Village in Northumberland, England

Hedley on the Hill is a village in Northumberland, England. It is located between the valley of the River Derwent, and the watershed to the River Tyne. The village is close to Newcastle upon Tyne. It is also situated close to the villages of Stocksfield and Chopwell as well as to the town of Hexham. It offers views along the Tyne Valley, over to the Pennines and even towards the Cheviot Hills on the Scottish border.

==History==
Hedley appears to have escaped rather unscathed in the wars between England and Scotland that occurred before the union. There are no records of any battles in the area. Similarly, there is no record of any activity involving border reivers (tribal leaders and outlaws that fought across the Scottish/English border) in the village. This has enabled it to develop in relative isolation, with mining and quarrying being the prominent industries since the eighteenth century.

Hedley on the Hill is also close to Hadrian's Wall a World Heritage Site and located in the far south of "Hadrian's Wall Country".
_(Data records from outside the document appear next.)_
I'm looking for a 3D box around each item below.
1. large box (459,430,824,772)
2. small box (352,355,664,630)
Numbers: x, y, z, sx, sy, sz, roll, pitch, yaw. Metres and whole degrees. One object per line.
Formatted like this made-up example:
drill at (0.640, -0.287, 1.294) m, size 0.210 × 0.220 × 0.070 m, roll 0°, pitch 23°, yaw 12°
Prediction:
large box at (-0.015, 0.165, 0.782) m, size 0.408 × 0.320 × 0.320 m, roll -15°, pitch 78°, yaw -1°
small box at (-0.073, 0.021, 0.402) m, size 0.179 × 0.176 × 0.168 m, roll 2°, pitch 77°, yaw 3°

The village is said to have once been home to a bogle known as The Hedley Kow.

==Culture==
The village holds numerous events including the annual barrel race in which contestants, usually in pairs, run up the hill to the pub with a barrel of beer. The barrel race is run every bank holiday Monday, and organised by The Feathers Inn. Competitors carry an empty nine-gallon beer barrel, over a 1.5-mile course. The Feathers Inn in Hedley-on-the-Hill was named the Great British Pub of the Year 2011.

It is also popular with gliding enthusiasts, being the closest village to the Northumbria Gliding Club in Leadgate.

== Governance ==

Hedley is in the parliamentary constituency of Hexham.